To load the demo set into the database:
import duckdb, csv
con = duckdb.connect("data/processed/mpol.duckdb")
with open("data/demo/analyst_prelabels_demo.csv") as f:
rows = list(csv.DictReader(f))
for row in rows:
con.execute(
"INSERT INTO analyst_prelabels "
"(mmsi, imo, pre_label, confidence_tier, region, evidence_notes, "
" source_urls_json, analyst_id, evidence_timestamp) "

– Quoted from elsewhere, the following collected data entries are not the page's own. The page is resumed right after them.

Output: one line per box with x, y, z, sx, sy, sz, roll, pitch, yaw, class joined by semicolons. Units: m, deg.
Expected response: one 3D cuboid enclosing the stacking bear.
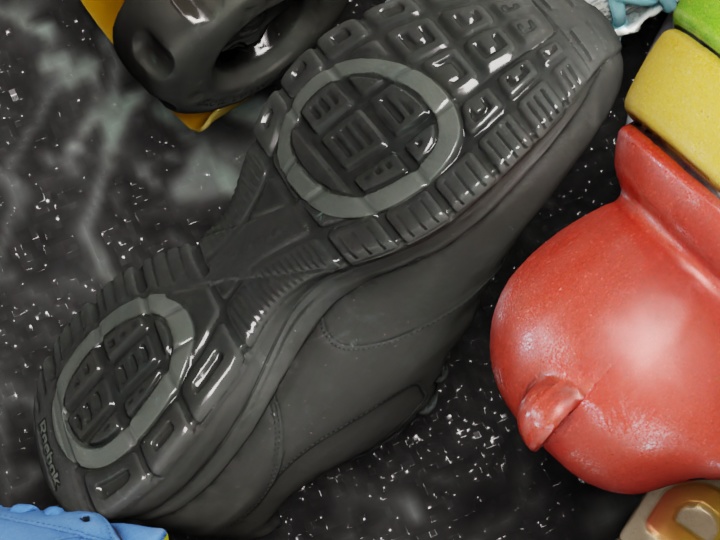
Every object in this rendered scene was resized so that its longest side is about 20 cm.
0.116;-0.025;0.771;0.114;0.121;0.200;42;93;1;stacking bear

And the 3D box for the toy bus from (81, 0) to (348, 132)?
-0.013;-0.159;0.820;0.191;0.200;0.136;-30;70;-13;toy bus

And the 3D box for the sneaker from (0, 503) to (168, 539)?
-0.097;0.092;0.813;0.200;0.066;0.079;30;71;34;sneaker

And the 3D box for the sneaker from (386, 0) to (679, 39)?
0.090;-0.110;0.826;0.200;0.078;0.086;-49;58;4;sneaker

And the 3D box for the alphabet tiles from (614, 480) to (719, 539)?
0.141;0.119;0.827;0.167;0.008;0.201;33;106;4;alphabet tiles

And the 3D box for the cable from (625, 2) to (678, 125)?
0.175;-0.025;0.866;0.200;0.069;0.200;37;81;5;cable

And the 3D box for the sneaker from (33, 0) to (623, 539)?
0.000;0.000;0.827;0.200;0.091;0.076;-41;51;18;sneaker
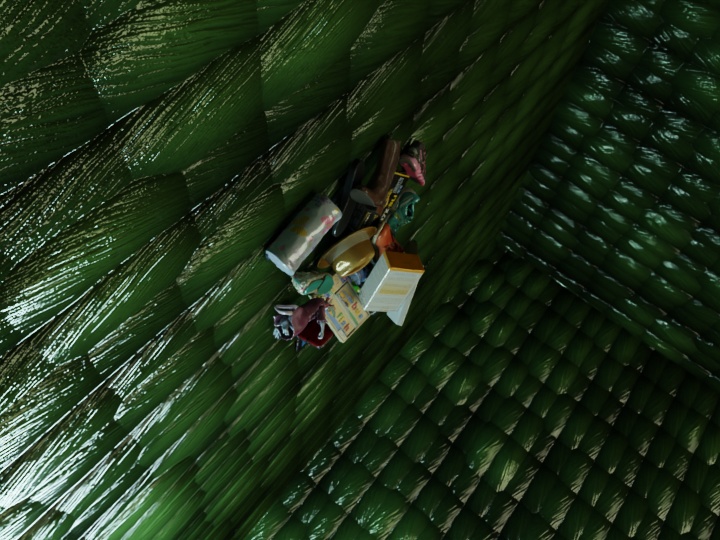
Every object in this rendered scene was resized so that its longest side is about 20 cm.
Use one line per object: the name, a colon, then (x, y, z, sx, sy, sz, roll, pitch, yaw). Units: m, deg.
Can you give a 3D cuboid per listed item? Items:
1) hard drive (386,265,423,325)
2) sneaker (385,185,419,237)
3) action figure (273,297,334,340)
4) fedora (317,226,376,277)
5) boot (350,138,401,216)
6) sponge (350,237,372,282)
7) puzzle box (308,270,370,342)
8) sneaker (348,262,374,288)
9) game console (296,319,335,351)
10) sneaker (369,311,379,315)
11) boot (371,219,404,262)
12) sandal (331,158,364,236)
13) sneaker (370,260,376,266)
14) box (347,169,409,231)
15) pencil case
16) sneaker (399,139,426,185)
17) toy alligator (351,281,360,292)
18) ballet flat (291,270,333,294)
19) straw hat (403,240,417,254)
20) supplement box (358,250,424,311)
hard drive: (0.144, 0.066, 1.759, 0.132, 0.026, 0.203, -138, -112, -76)
sneaker: (0.133, -0.179, 1.783, 0.077, 0.079, 0.202, -34, 155, -47)
action figure: (-0.162, 0.117, 1.546, 0.199, 0.133, 0.151, -31, 127, -33)
fedora: (-0.024, -0.043, 1.528, 0.199, 0.082, 0.201, -32, 169, -7)
boot: (0.047, -0.260, 1.383, 0.186, 0.063, 0.203, 34, 76, -73)
sponge: (-0.012, -0.041, 1.743, 0.201, 0.030, 0.111, -57, 161, 12)
puzzle box: (-0.062, 0.108, 1.685, 0.133, 0.025, 0.201, -44, 119, -21)
sneaker: (0.000, 0.000, 1.691, 0.082, 0.074, 0.200, -48, 169, -3)
game console: (-0.111, 0.197, 1.800, 0.200, 0.171, 0.120, -44, 134, -29)
sneaker: (-0.006, 0.120, 1.838, 0.073, 0.081, 0.199, 10, 163, -37)
boot: (0.092, -0.078, 1.647, 0.076, 0.106, 0.201, -60, 162, -22)
sandal: (-0.040, -0.187, 1.383, 0.075, 0.047, 0.203, -13, 123, -67)
sneaker: (0.058, -0.040, 1.846, 0.074, 0.081, 0.202, -36, 155, -45)
box: (0.052, -0.205, 1.577, 0.202, 0.049, 0.159, -59, 164, 16)
pencil case: (-0.129, -0.084, 1.261, 0.201, 0.083, 0.091, -51, 156, -11)
sneaker: (0.174, -0.328, 1.641, 0.096, 0.078, 0.200, -64, 165, -6)
toy alligator: (-0.002, 0.059, 1.903, 0.054, 0.059, 0.200, -44, 161, -11)
ballet flat: (-0.131, 0.026, 1.500, 0.076, 0.064, 0.200, -55, 165, 7)
straw hat: (0.107, -0.018, 1.782, 0.201, 0.084, 0.204, -161, -90, -77)
supplement box: (0.092, 0.036, 1.656, 0.124, 0.074, 0.201, 5, 135, -29)
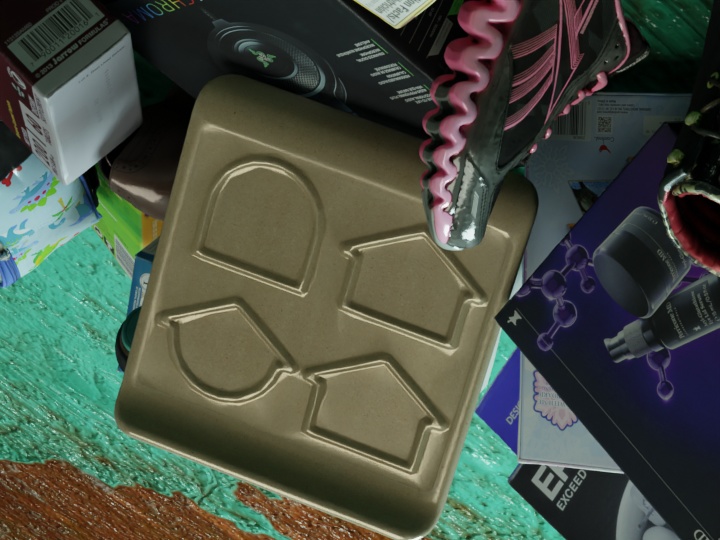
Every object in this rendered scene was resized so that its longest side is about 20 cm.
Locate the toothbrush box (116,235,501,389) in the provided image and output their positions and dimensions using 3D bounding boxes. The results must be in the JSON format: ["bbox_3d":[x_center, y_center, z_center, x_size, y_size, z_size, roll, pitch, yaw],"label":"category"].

"VALUES (?, ?, ?, ?, ?, ?, ?, ?, ?)",
[row["mmsi"], row.get("imo"), row["pre_label"], row["confidence_tier"],
row.get("region"), row.get("evidence_notes"), row.get("source_urls"),
row["analyst_id"], row["evidence_timestamp"]],
)
con.close()
Review Cadence
| Frequency | Action |
|---|---|
| Monthly | Review all uncertain labels; upgrade to suspected-positive or analyst-negative where evidence has developed |
| Monthly | Check suspected-positive labels against updated sanctions lists; convert to confirmed backtest labels if publicly confirmed |
| Quarterly | Full holdout set audit: verify evidence links still resolve, update confidence tiers, remove stale entries |
| Triggered | When a vessel in the holdout set appears on a public sanctions list, immediately reclassify and flag for retrospective analysis |
Assigned: The analyst who created the label is responsible for the monthly review. The senior analyst covers labels where the original analyst is unavailable.
Versioning
When significant changes are made to the holdout set (new entries, confidence upgrades, reclassifications):
- Export the current state to a versioned CSV:
data/demo/analyst_prelabels_v{N}.csv - Record the manifest entry in
data/processed/prelabel_manifest.json(auto-generated byscripts/run_prelabel_evaluation.py) - Commit the versioned CSV under
data/demo/with a descriptive message
Running the Pre-Label Evaluation
Against the demo CSV:
uv run python -m src.score.prelabel_evaluation \
--watchlist data/processed/candidate_watchlist.parquet \
--prelabels-csv data/demo/analyst_prelabels_demo.csv \
--output data/processed/prelabel_evaluation.json \
--end-date 2025-11-15 \
--min-confidence-tier medium \
--review-capacities 25,50,100
Against the database:
uv run python -m src.score.prelabel_evaluation \
--watchlist data/processed/candidate_watchlist.parquet \
--db data/processed/mpol.duckdb \
--output data/processed/prelabel_evaluation.json \
--end-date 2025-11-15 \
--region singapore \
--min-confidence-tier medium \
--review-capacities 25,50,100
Disagreement Analysis
The evaluation report includes a disagreement section highlighting cases where the model and analyst diverge:
model_high_analyst_negative: Vessels the model scored ≥ threshold that the analyst cleared. Review these to identify model false positives that may warrant feature adjustment.model_low_analyst_positive: Vessels the analyst suspects but the model ranked low. These are high-value misses — review signals and consider feature uplift.
The disagreement threshold defaults to the best-F1 threshold on the labeled set. Override with --disagreement-threshold.
Integration with Public-Data Backtest
The pre-label evaluation is a separate reporting slice from the public-label backtest. Do not merge the two:
| Slice | Label source | Purpose |
|---|---|---|
| Public-label backtest | OFAC / UN / EU sanctions | Measures confirmed-case recall; lagging indicator |
| Pre-label holdout | Analyst curation | Measures early-detection precision; leading indicator |
Run both and compare. If the public-label backtest is strong but the pre-label precision is low, the model is detecting known entities but missing novel evasion patterns.